* REQUIREMENT
Beginning with the line where "Screen dimensions: 1232x953" appears, restate each line word for word until the data ends. Pictures do not go in.

* RECORDS FOR THIS EXERCISE
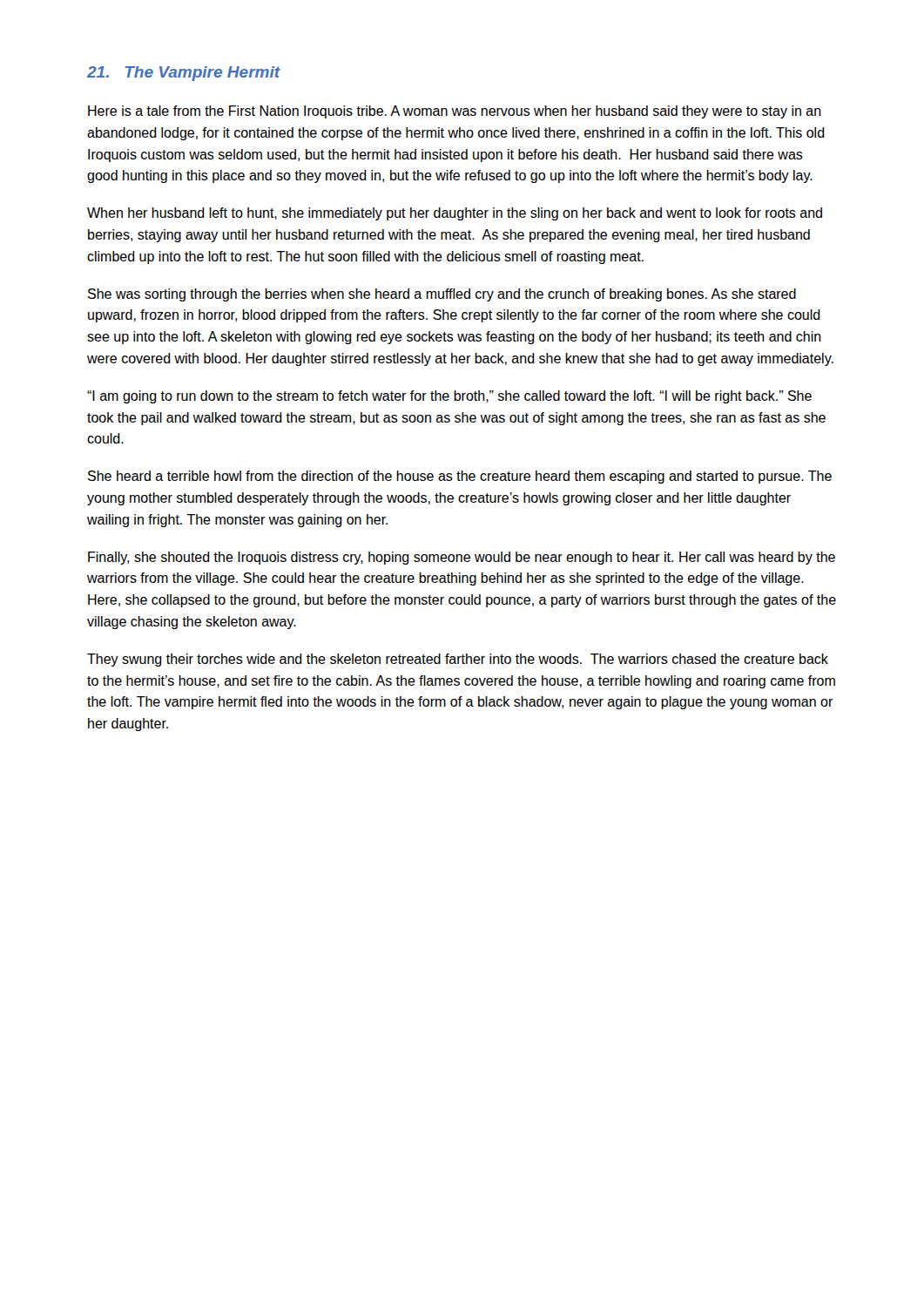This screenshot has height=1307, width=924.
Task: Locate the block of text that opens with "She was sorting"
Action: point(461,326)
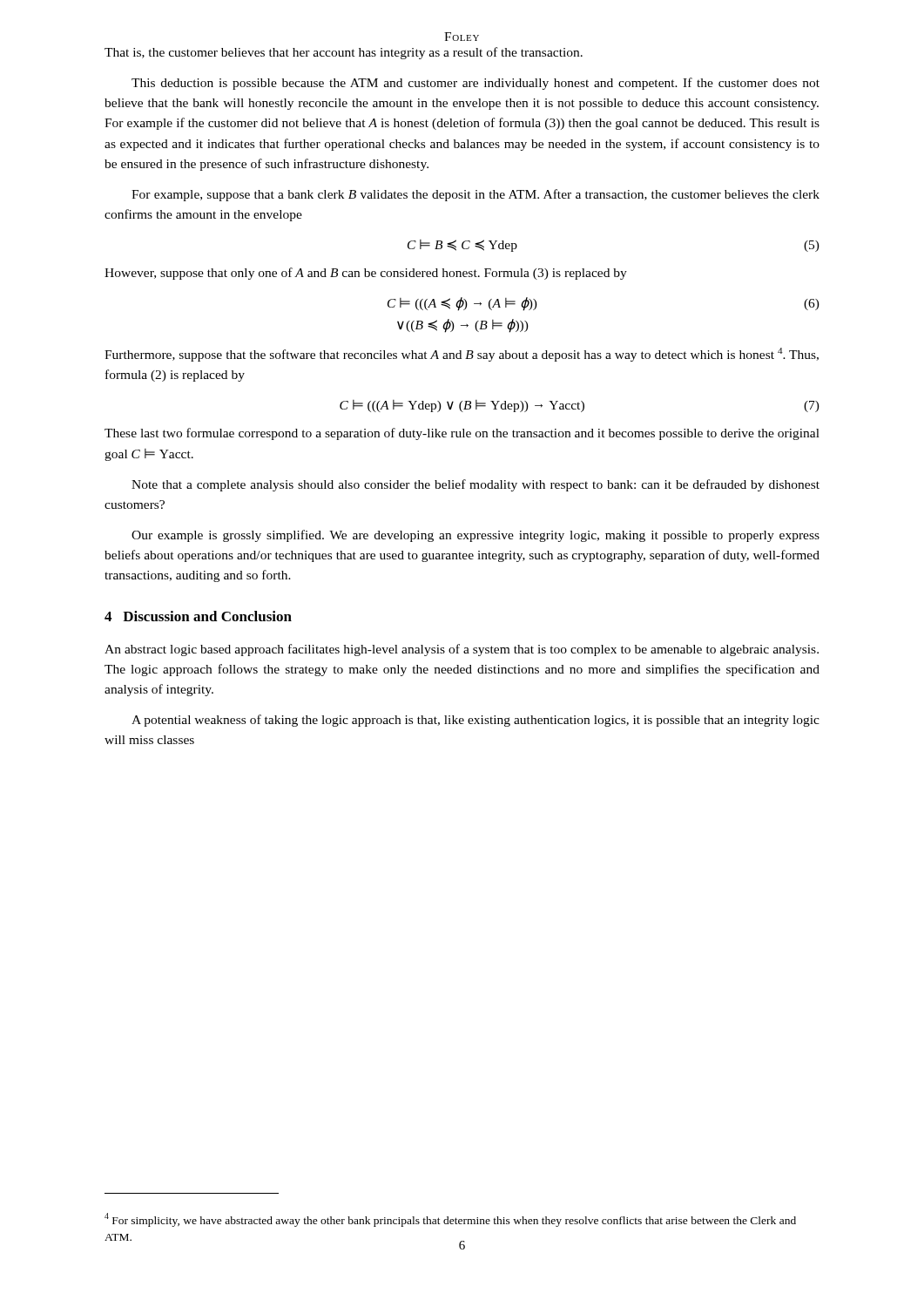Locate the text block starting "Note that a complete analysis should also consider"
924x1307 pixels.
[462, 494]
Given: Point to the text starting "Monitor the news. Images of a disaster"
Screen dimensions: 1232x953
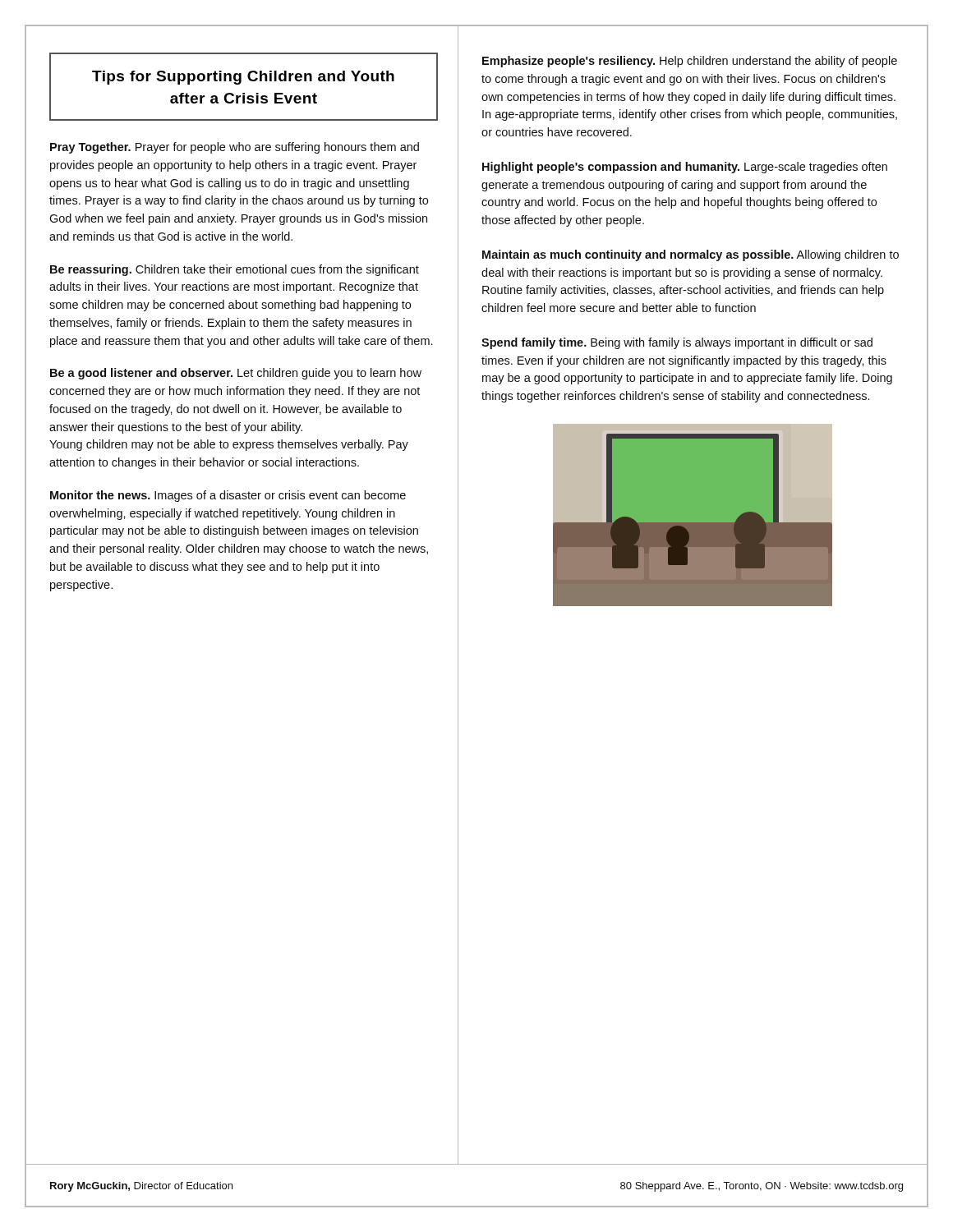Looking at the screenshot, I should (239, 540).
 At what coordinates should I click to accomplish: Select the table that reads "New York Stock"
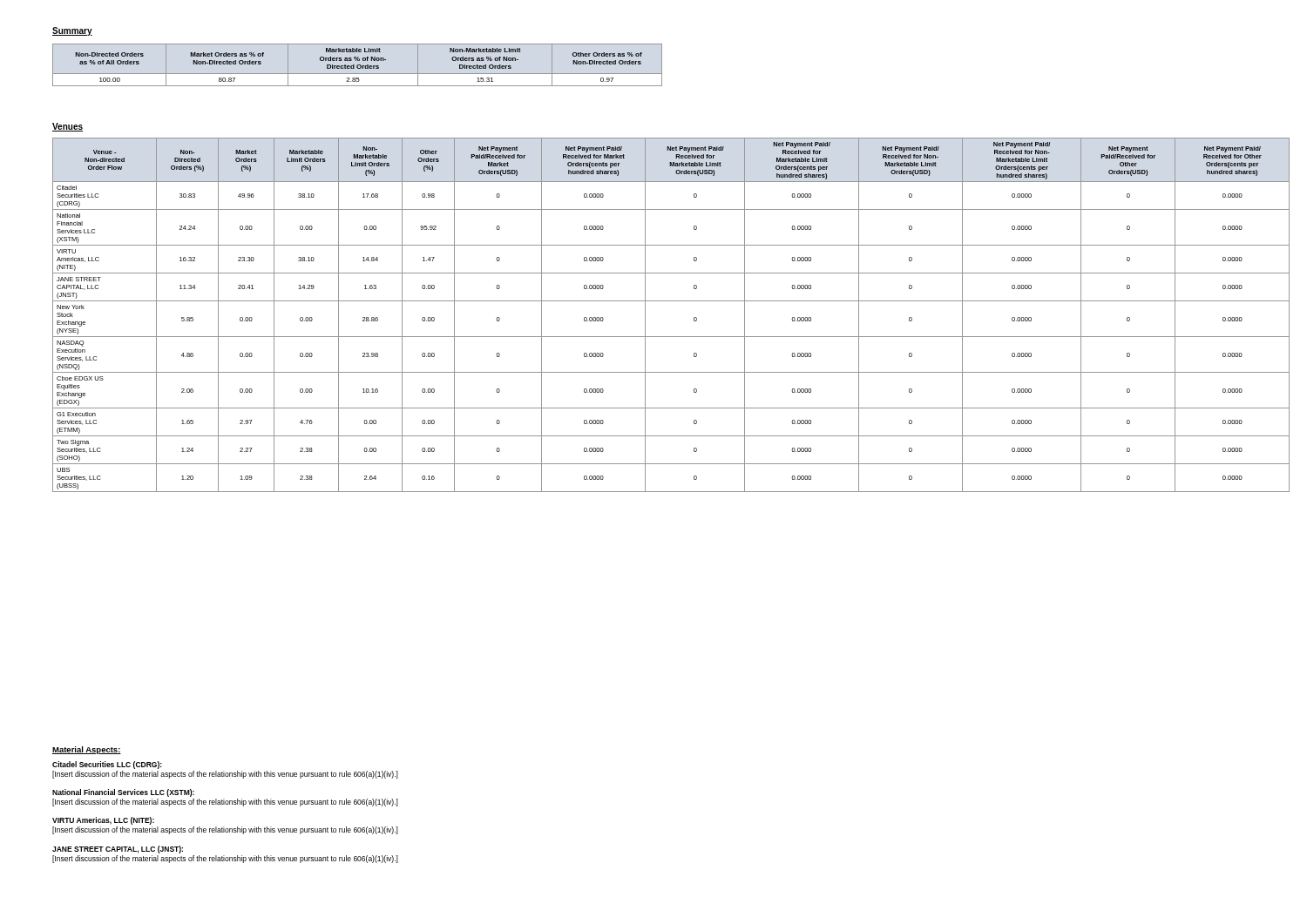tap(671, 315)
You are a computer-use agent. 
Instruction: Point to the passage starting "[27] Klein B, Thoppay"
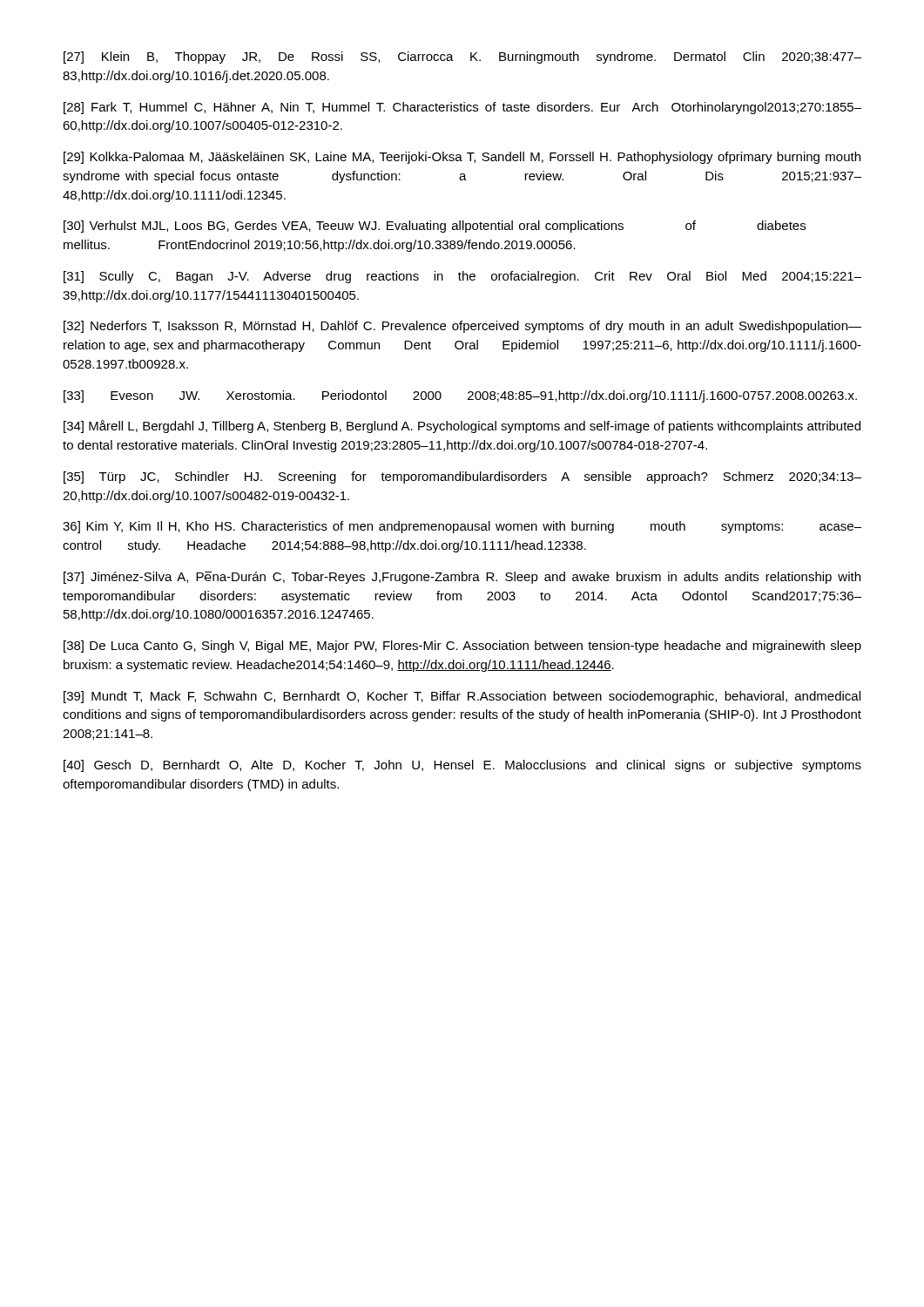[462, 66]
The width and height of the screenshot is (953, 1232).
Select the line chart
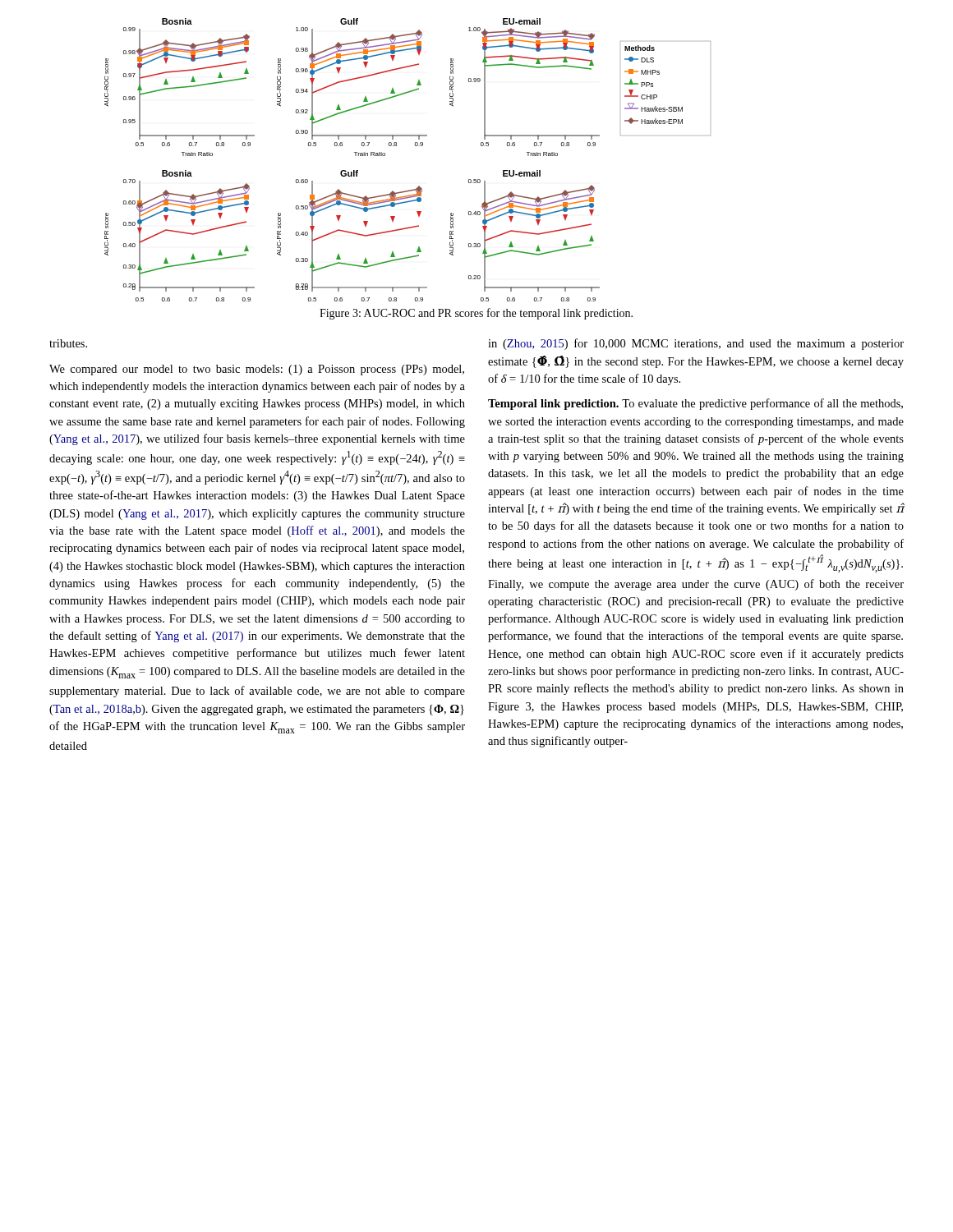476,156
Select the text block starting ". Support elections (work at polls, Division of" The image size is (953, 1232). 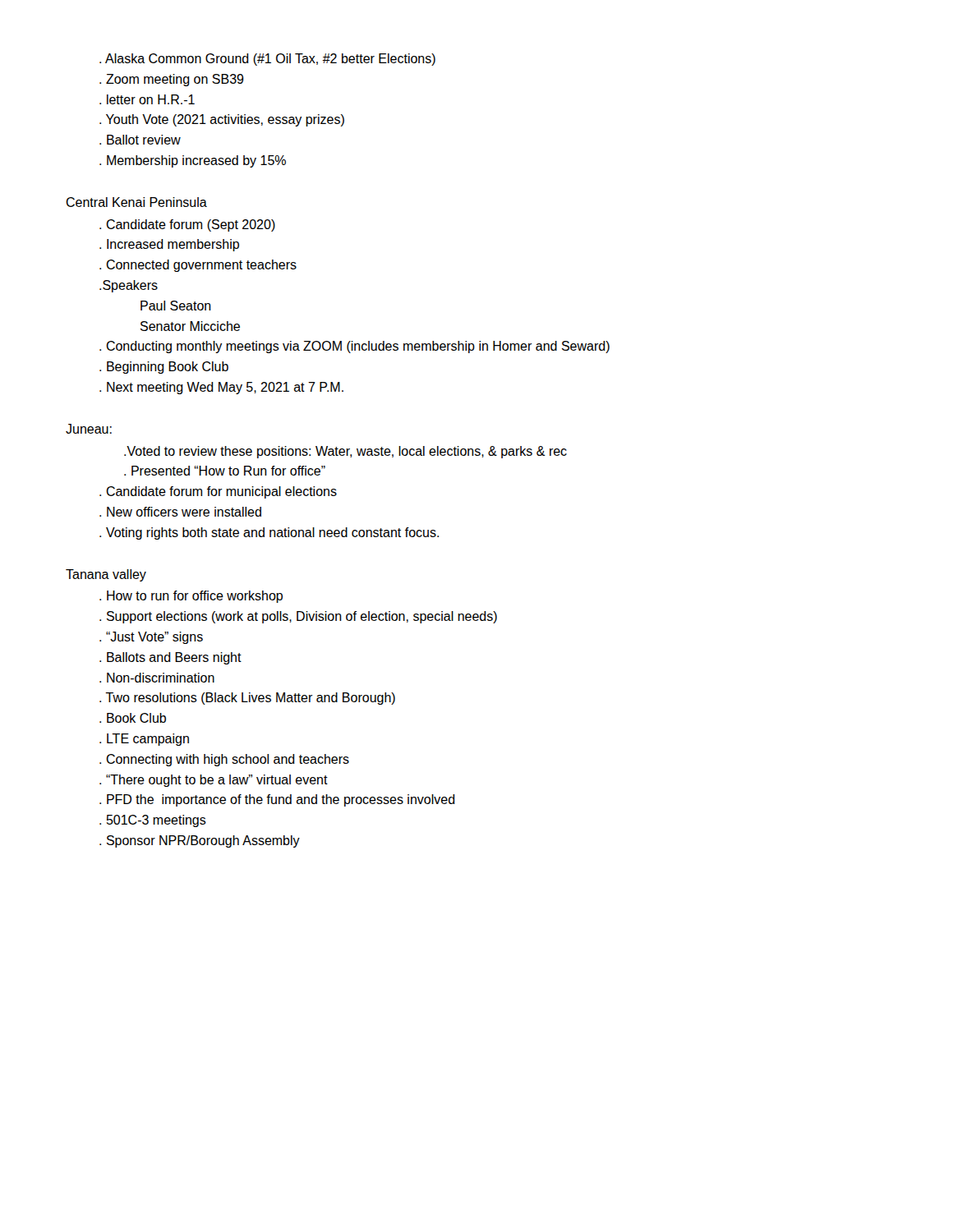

* SOLUTION FOR THIS EXERCISE
Screen dimensions: 1232x953
Looking at the screenshot, I should (239, 540).
 At what coordinates should I click to accomplish: Select the table that reads "New York Stock"
tap(671, 315)
You are a computer-use agent. 
Instruction: Point to the passage starting "[27] Klein B, Thoppay"
[462, 66]
The width and height of the screenshot is (953, 1232).
Select the line chart
476,156
Select the text block starting ". Support elections (work at polls, Division of" The image size is (953, 1232). 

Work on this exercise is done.